PROBLEM DETAILS –
Scan the records below for the string "Matching" and return every line where it appears.

MATERIAL PROVIDED –
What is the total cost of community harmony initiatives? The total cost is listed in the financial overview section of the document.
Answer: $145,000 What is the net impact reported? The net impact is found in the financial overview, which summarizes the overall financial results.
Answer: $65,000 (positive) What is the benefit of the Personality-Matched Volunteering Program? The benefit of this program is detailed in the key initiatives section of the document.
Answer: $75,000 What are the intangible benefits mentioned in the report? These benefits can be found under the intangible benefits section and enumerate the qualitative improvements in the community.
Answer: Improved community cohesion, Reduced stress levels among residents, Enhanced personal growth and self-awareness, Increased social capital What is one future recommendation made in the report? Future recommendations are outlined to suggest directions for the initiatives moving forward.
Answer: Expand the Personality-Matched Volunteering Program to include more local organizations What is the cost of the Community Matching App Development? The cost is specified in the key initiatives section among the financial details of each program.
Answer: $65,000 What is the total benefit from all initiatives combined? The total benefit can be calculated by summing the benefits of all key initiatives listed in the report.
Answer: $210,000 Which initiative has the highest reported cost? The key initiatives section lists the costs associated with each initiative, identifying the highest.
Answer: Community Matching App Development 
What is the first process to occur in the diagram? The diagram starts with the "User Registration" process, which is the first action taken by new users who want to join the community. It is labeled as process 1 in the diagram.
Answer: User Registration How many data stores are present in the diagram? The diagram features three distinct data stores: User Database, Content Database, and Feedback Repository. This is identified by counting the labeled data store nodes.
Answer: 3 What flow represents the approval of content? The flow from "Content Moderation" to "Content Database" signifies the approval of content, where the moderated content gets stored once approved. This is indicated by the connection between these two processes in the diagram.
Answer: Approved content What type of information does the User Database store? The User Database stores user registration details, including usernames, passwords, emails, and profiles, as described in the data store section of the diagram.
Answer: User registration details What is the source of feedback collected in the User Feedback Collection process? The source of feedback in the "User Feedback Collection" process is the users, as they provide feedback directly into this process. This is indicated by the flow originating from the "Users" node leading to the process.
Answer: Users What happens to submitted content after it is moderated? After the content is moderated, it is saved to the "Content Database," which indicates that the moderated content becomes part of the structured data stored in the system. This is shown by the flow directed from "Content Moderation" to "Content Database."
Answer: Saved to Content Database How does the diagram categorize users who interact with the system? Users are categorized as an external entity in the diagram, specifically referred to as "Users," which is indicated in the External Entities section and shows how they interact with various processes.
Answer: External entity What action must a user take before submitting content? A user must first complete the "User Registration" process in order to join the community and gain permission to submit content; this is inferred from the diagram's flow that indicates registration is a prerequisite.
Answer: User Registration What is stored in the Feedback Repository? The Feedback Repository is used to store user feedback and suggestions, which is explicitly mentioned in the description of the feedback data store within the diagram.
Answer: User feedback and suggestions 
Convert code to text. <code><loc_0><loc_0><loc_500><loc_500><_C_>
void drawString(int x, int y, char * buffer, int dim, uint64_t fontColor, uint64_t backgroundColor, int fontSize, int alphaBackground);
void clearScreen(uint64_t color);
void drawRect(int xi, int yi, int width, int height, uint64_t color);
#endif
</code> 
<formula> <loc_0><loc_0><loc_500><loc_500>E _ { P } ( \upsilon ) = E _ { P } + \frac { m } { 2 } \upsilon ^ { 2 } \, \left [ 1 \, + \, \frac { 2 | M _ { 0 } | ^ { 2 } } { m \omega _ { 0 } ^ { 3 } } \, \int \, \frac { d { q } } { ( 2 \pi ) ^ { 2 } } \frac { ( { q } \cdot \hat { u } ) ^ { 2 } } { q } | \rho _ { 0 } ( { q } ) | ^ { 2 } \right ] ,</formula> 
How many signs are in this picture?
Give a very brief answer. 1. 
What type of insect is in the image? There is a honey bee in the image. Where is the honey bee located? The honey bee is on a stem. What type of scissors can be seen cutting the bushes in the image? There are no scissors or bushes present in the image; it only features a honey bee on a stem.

EXERCISE ANSWER –
Answer: Expand the Personality-Matched Volunteering Program to include more local organizations What is the cost of the Community Matching App Development? The cost is specified in the key initiatives section among the financial details of each program.
Answer: Community Matching App Development 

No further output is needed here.